Training: Stretch, condition, strengthen
Training videos

Staying loose and strengthening your key muscle groups in the weeks and months leading up to your event can drastically increase your chances of staying injury free and achieving your goals on race day. JustGiving have teamed up with Lucozade Sport and fitness guru Vic Spence to give you some top tips...

Pre Run Stretches - click here

Dynamic warm ups help prevent injury and activate the muscles you will be using during your run. This allows your body to jump into action quicker. Here are some key warm up stretches you should do before any run, whatever the distance.

  • Tri Plane Hamstring Stretch
  • Single Leg Glute Bridges
  • Abductor Stretch
  • Lunge with twist
  • Lumbar Rolls
  • Windmills

TIP: warm up stretches should always be dynamic!
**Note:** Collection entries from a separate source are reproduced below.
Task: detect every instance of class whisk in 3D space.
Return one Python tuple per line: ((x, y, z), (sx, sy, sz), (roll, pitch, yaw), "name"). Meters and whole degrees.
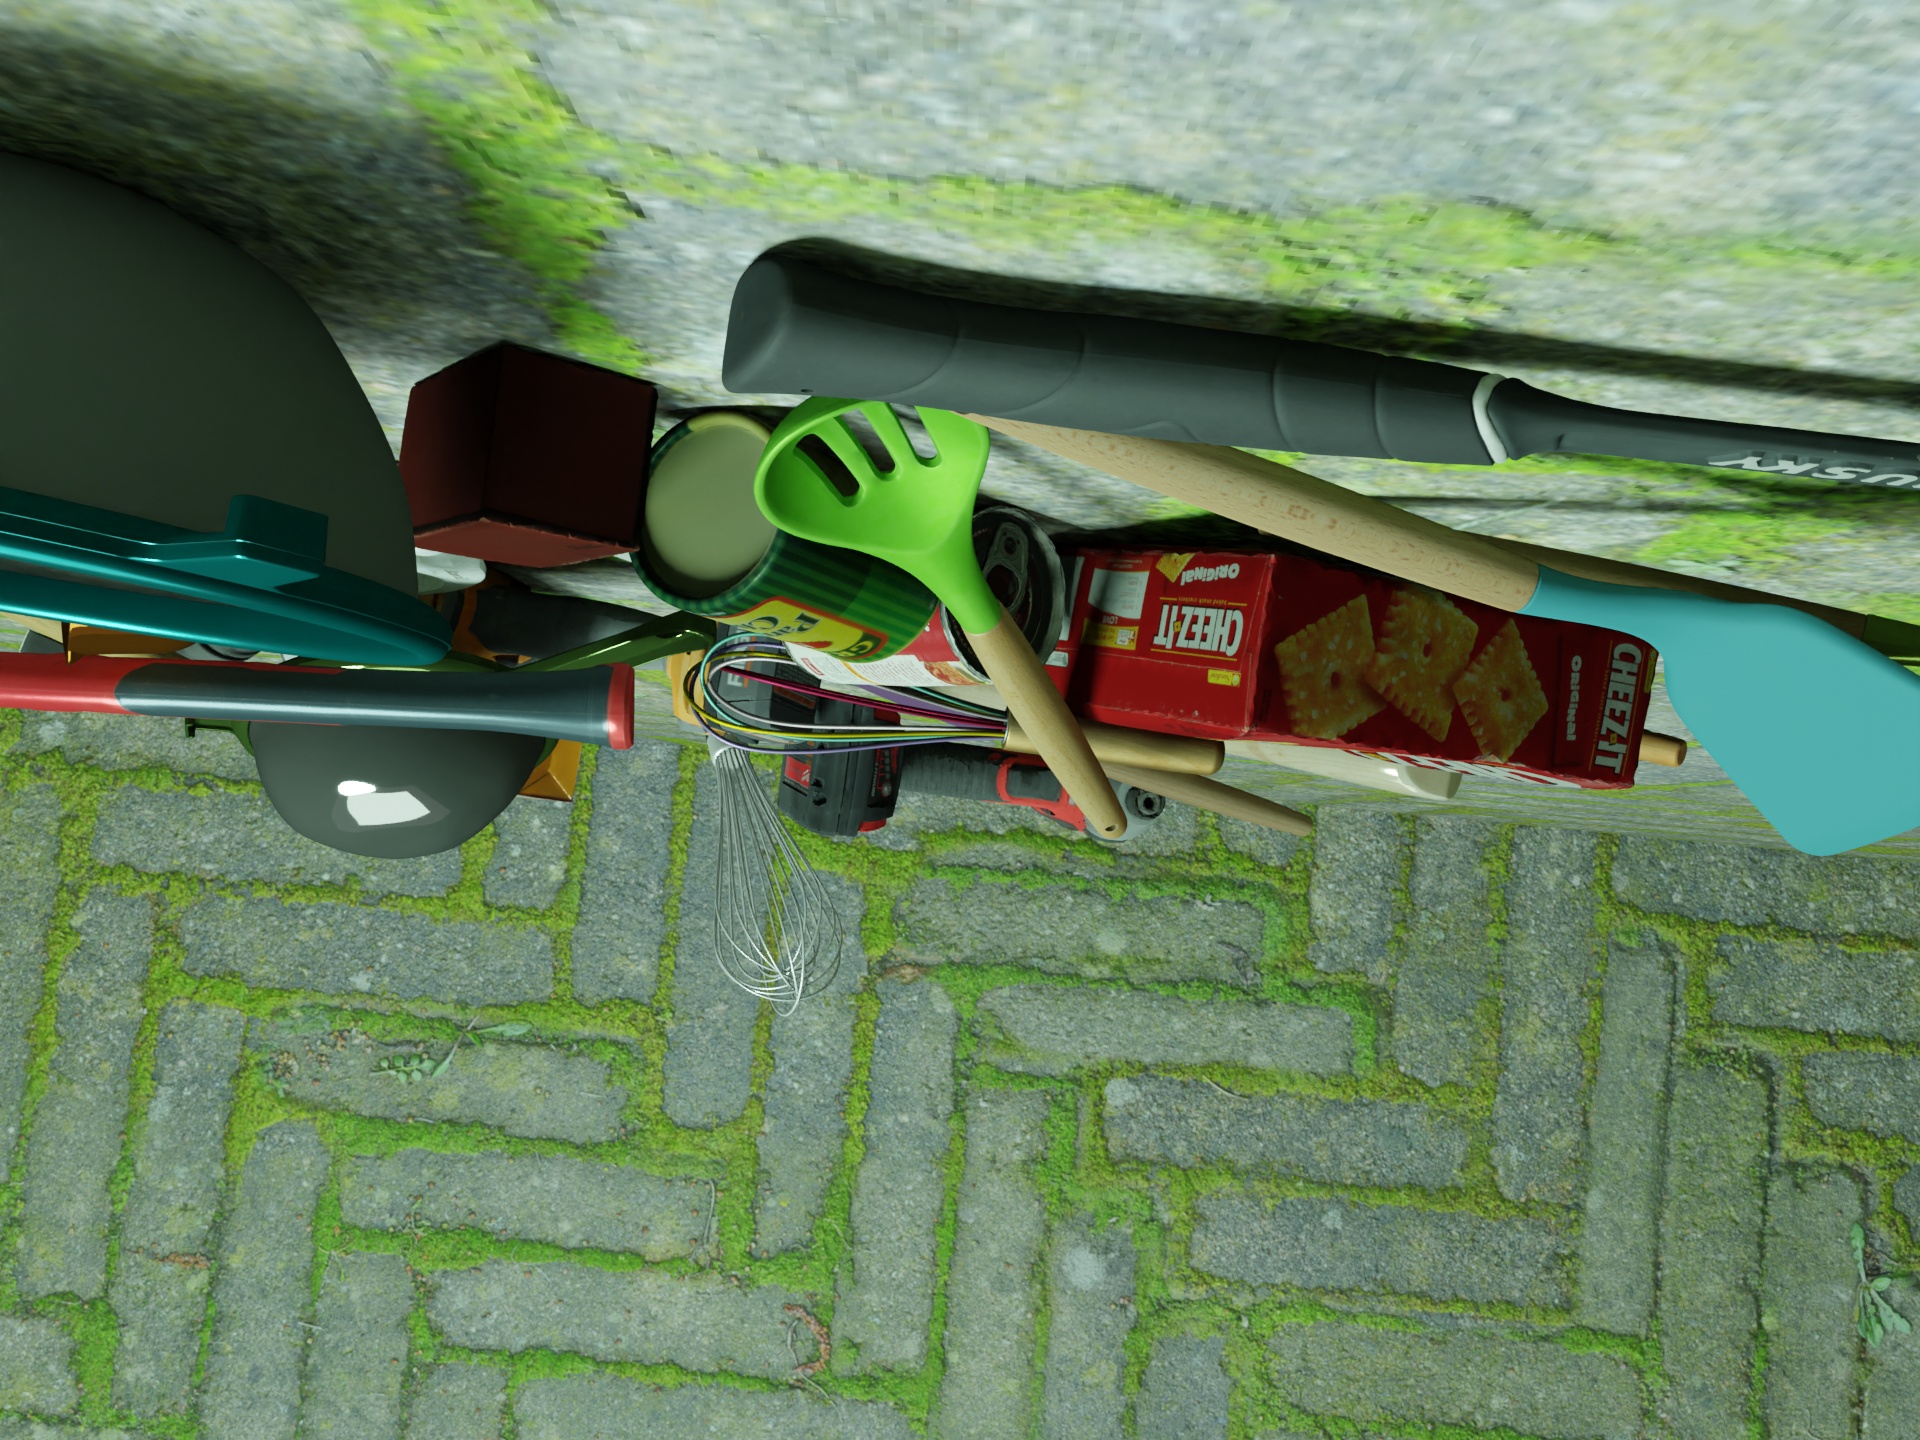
((-0.123, 0.039, 0.893), (0.070, 0.285, 0.070), (-13, 141, -11), "whisk")
((-0.001, -0.004, 0.713), (0.245, 0.051, 0.047), (8, -167, -7), "whisk")

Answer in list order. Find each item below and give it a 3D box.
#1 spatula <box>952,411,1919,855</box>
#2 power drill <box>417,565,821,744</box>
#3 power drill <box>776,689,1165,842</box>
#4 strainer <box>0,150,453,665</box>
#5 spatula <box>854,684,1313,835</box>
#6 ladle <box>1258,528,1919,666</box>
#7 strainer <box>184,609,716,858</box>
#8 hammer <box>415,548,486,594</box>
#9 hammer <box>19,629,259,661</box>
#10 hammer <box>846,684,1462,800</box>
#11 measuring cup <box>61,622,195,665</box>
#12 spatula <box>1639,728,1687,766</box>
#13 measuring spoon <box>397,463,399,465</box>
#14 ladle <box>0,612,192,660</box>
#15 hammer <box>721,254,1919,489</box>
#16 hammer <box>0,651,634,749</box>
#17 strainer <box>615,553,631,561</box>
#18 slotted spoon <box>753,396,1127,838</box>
((0.135, -0.037, 0.443), (0.317, 0.044, 0.082), (18, 153, -9), "spatula")
((-0.189, -0.042, 0.861), (0.226, 0.084, 0.185), (9, 176, 8), "power drill")
((0.011, 0.033, 0.945), (0.219, 0.078, 0.143), (7, -178, -18), "power drill")
((-0.229, -0.073, 0.430), (0.211, 0.095, 0.340), (9, 177, -8), "strainer")
((0.073, 0.020, 0.863), (0.315, 0.018, 0.060), (18, 178, -29), "spatula")
((0.244, -0.019, 0.490), (0.320, 0.062, 0.078), (16, -166, 23), "ladle")
((-0.221, 0.013, 0.740), (0.256, 0.069, 0.151), (-17, 152, 22), "strainer")
((-0.376, -0.094, 0.711), (0.331, 0.033, 0.128), (6, 174, -2), "hammer")
((-0.379, -0.041, 0.800), (0.146, 0.035, 0.335), (25, 161, -29), "hammer")
((0.078, -0.008, 0.904), (0.411, 0.038, 0.146), (11, 180, 31), "hammer")
((-0.334, -0.064, 0.641), (0.052, 0.095, 0.173), (-2, 174, -30), "measuring cup")
((0.200, -0.011, 0.805), (0.323, 0.041, 0.081), (17, -176, 43), "spatula")
((-0.193, -0.090, 0.627), (0.124, 0.018, 0.034), (4, 175, 12), "measuring spoon")
((-0.426, -0.056, 0.707), (0.069, 0.031, 0.315), (-19, 142, 40), "ladle")
((0.146, -0.071, 0.384), (0.409, 0.036, 0.149), (6, 176, -2), "hammer")
((-0.329, -0.011, 0.642), (0.386, 0.038, 0.143), (3, -170, -3), "hammer")
((-0.099, -0.065, 0.667), (0.087, 0.050, 0.258), (19, -179, 35), "strainer")
((0.013, -0.024, 0.560), (0.070, 0.031, 0.313), (-23, 147, 9), "slotted spoon")

Post Run Stretches - click here

Static stretching will allow your muscles to remain flexible, ensuring you can complete those important training runs pain and injury free. Hold each of the below exercises for 30 seconds each. Repeat if necessary

  • Quad Stretch
  • Pigeon Pose
  • Hamstring Stretch
  • Static Abductor Stretch
  • Lying spinal twist

TIP: static stretching should be reserved for post-exercise only.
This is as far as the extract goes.